[BugFix] EnvBase._complete_done to complete "terminated" key proper…

…ly (pytorch#2294)
ai4co · Jul 18, 2024 · c4b2eb0 · c4b2eb0
1 parent f764c02
commit c4b2eb0
Show file tree

Hide file tree

Showing 2 changed files with 63 additions and 6 deletions.
diff --git a/test/test_env.py b/test/test_env.py
@@ -311,6 +311,62 @@ def test_rollout_predictability(device):
     ).all()
 
 
+# Check that the "terminated" key is filled in automatically if only the "done"
+# key is provided in `_step`.
+def test_done_key_completion_done():
+    class DoneEnv(CountingEnv):
+        def _step(
+            self,
+            tensordict: TensorDictBase,
+        ) -> TensorDictBase:
+            self.count += 1
+            tensordict = TensorDict(
+                source={
+                    "observation": self.count.clone(),
+                    "done": self.count > self.max_steps,
+                    "reward": torch.zeros_like(self.count, dtype=torch.float),
+                },
+                batch_size=self.batch_size,
+                device=self.device,
+            )
+            return tensordict
+
+    env = DoneEnv(max_steps=torch.tensor([[0], [1]]), batch_size=(2,))
+    td = env.reset()
+    env.rand_action(td)
+    td = env.step(td)
+    assert torch.equal(td[("next", "done")], torch.tensor([[True], [False]]))
+    assert torch.equal(td[("next", "terminated")], torch.tensor([[True], [False]]))
+
+
+# Check that the "done" key is filled in automatically if only the "terminated"
+# key is provided in `_step`.
+def test_done_key_completion_terminated():
+    class TerminatedEnv(CountingEnv):
+        def _step(
+            self,
+            tensordict: TensorDictBase,
+        ) -> TensorDictBase:
+            self.count += 1
+            tensordict = TensorDict(
+                source={
+                    "observation": self.count.clone(),
+                    "terminated": self.count > self.max_steps,
+                    "reward": torch.zeros_like(self.count, dtype=torch.float),
+                },
+                batch_size=self.batch_size,
+                device=self.device,
+            )
+            return tensordict
+
+    env = TerminatedEnv(max_steps=torch.tensor([[0], [1]]), batch_size=(2,))
+    td = env.reset()
+    env.rand_action(td)
+    td = env.step(td)
+    assert torch.equal(td[("next", "done")], torch.tensor([[True], [False]]))
+    assert torch.equal(td[("next", "terminated")], torch.tensor([[True], [False]]))
+
+
 @pytest.mark.skipif(not _has_gym, reason="no gym")
 @pytest.mark.parametrize("env_name", [PENDULUM_VERSIONED])
 @pytest.mark.parametrize("frame_skip", [1])

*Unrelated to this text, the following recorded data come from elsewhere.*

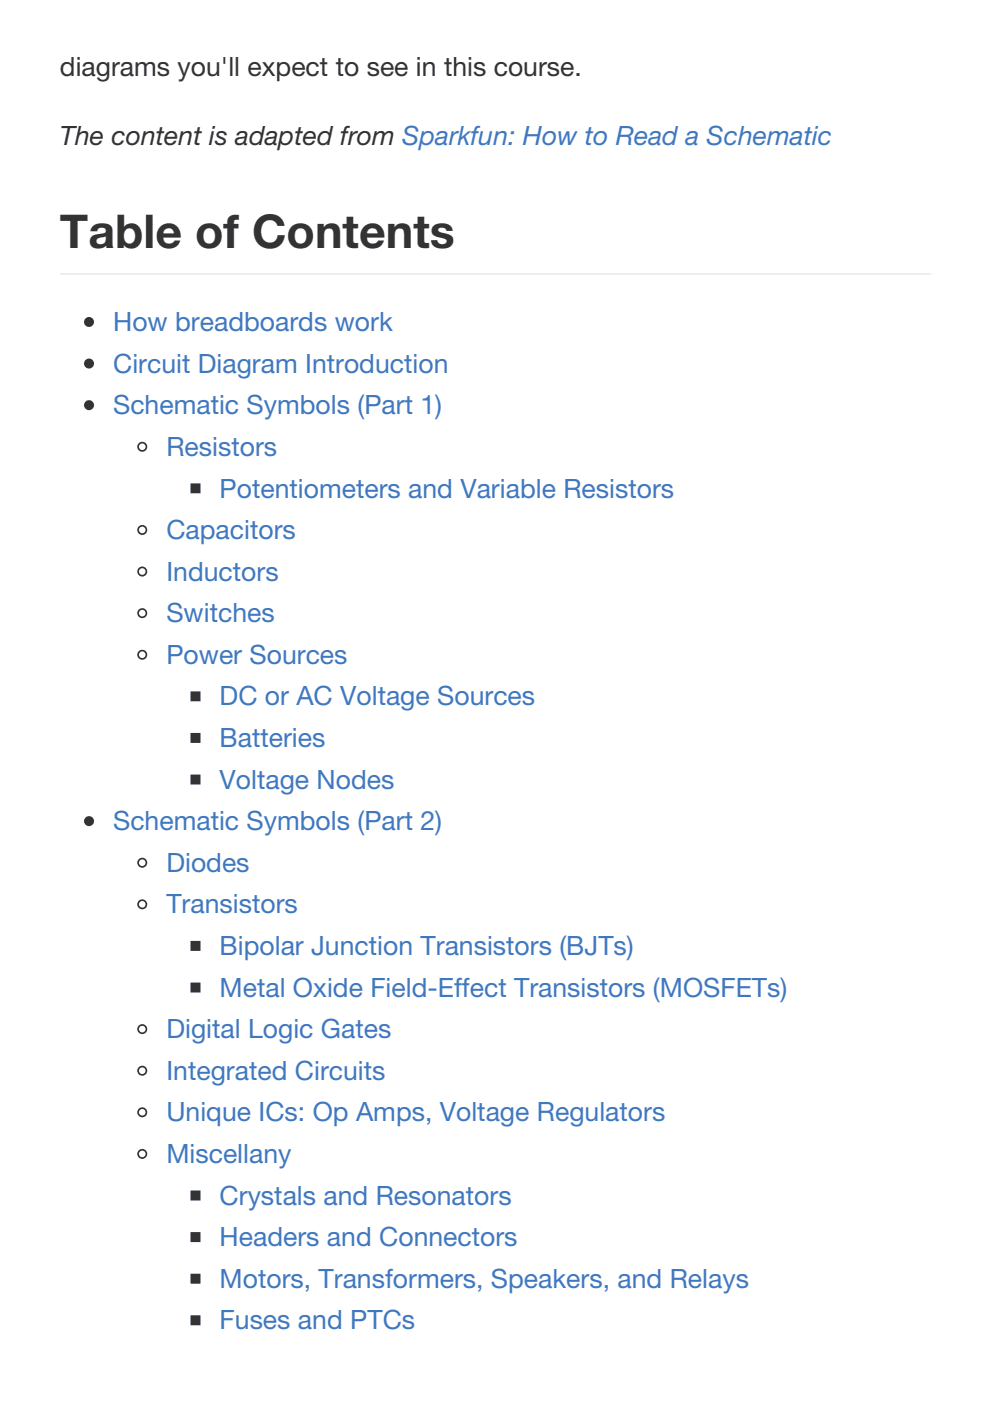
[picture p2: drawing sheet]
<svg xmlns="http://www.w3.org/2000/svg" width="210mm" height="297mm" viewBox="0 0 210 297" stroke-linecap="round" stroke-linejoin="round" font-family="sans-serif">
<defs><g id="words">
<text font-size="9.9" fill="#333" x="12.7" y="52.6">Table of Contents</text>
<g font-size="5.6" fill="#333">
<text x="12.7" y="16.2">diagrams you'll expect to see in this course.</text>
<text x="12.7" y="30.7">The content is adapted from Sparkfun: How to Read a Schematic</text>
</g>
<g font-size="5.6" fill="#4078c0">
<text x="24" y="70.2">How breadboards work</text>
<text x="24" y="79">Circuit Diagram Introduction</text>
<text x="24" y="87.8">Schematic Symbols (Part 1)</text>
<text x="35.3" y="96.7">Resistors</text>
<text x="46.6" y="105.5">Potentiometers and Variable Resistors</text>
<text x="35.3" y="114.3">Capacitors</text>
<text x="35.3" y="123.1">Inductors</text>
<text x="35.3" y="131.9">Switches</text>
<text x="35.3" y="140.8">Power Sources</text>
<text x="46.6" y="149.6">DC or AC Voltage Sources</text>
<text x="46.6" y="158.4">Batteries</text>
<text x="46.6" y="167.2">Voltage Nodes</text>
<text x="24" y="176">Schematic Symbols (Part 2)</text>
<text x="35.3" y="184.9">Diodes</text>
<text x="35.3" y="193.7">Transistors</text>
<text x="46.6" y="202.5">Bipolar Junction Transistors (BJTs)</text>
<text x="46.6" y="211.3">Metal Oxide Field-Effect Transistors (MOSFETs)</text>
<text x="35.3" y="220.1">Digital Logic Gates</text>
<text x="35.3" y="229">Integrated Circuits</text>
<text x="35.3" y="237.8">Unique ICs: Op Amps, Voltage Regulators</text>
<text x="35.3" y="246.6">Miscellany</text>
<text x="46.6" y="255.4">Crystals and Resonators</text>
<text x="46.6" y="264.2">Headers and Connectors</text>
<text x="46.6" y="273">Motors, Transformers, Speakers, and Relays</text>
<text x="46.6" y="281.9">Fuses and PTCs</text>
</g>
</g></defs>
<path d="M12.7 58h184.5" fill="none" stroke="#eee" stroke-width=".35"/>
<g fill="#333" stroke="#333" stroke-width=".35">
<circle cx="18.9" cy="68.3" r=".88"/>
<circle cx="18.9" cy="77.1" r=".88"/>
<circle cx="18.9" cy="85.9" r=".88"/>
<circle cx="18.9" cy="174.1" r=".88"/>
</g>
<g fill="none" stroke="#333" stroke-width=".35">
<circle cx="30.2" cy="94.7" r=".88"/>
<circle cx="30.2" cy="112.4" r=".88"/>
<circle cx="30.2" cy="138.8" r=".88"/>
<circle cx="30.2" cy="130" r=".88"/>
<circle cx="30.2" cy="121.2" r=".88"/>
<circle cx="30.2" cy="191.7" r=".88"/>
<circle cx="30.2" cy="182.9" r=".88"/>
<circle cx="30.2" cy="218.2" r=".88"/>
<circle cx="30.2" cy="227" r=".88"/>
<circle cx="30.2" cy="235.8" r=".88"/>
<circle cx="30.2" cy="244.7" r=".88"/>
</g>
<g fill="#333" stroke="#333" stroke-width=".35">
<path d="M40.6 102.7h1.7v1.7h-1.7z"/>
<path d="M40.6 146.8h1.7v1.7h-1.7z"/>
<path d="M40.6 155.6h1.7v1.7h-1.7z"/>
<path d="M40.6 164.4h1.7v1.8h-1.7z"/>
<path d="M40.6 199.7h1.7v1.7h-1.7z"/>
<path d="M40.6 208.5h1.7v1.8h-1.7z"/>
<path d="M40.6 252.6h1.7v1.8h-1.7z"/>
<path d="M40.6 261.4h1.7v1.8h-1.7z"/>
<path d="M40.6 270.2h1.7v1.8h-1.7z"/>
<path d="M40.6 279h1.7v1.8h-1.7z"/>
</g>
<use href="#words"/>
</svg>

diff --git a/torchrl/envs/common.py b/torchrl/envs/common.py
@@ -1515,7 +1515,8 @@ def _complete_done(
             shape = (*leading_dim, *item.shape)
             if val is not None:
                 if val.shape != shape:
-                    data.set(key, val.reshape(shape))
+                    val = val.reshape(shape)
+                    data.set(key, val)
                 vals[key] = val
 
         if len(vals) < i + 1:
@@ -1535,18 +1536,18 @@ def _complete_done(
                             "Cannot infer the value of terminated when only done and truncated are present."
                         )
                     data.set("terminated", val)
+                    data_keys.add("terminated")
                 elif (
                     key == "terminated"
                     and val is not None
                     and "done" in done_spec_keys
                     and "done" not in data_keys
                 ):
                     if "truncated" in data_keys:
-                        done = val | data.get("truncated")
-                        data.set("done", done)
-                    else:
-                        data.set("done", val)
-                elif val is None:
+                        val = val | data.get("truncated")
+                    data.set("done", val)
+                    data_keys.add("done")
+                elif val is None and key not in data_keys:
                     # we must keep this here: we only want to fill with 0s if we're sure
                     # done should not be copied to terminated or terminated to done
                     # in this case, just fill with 0s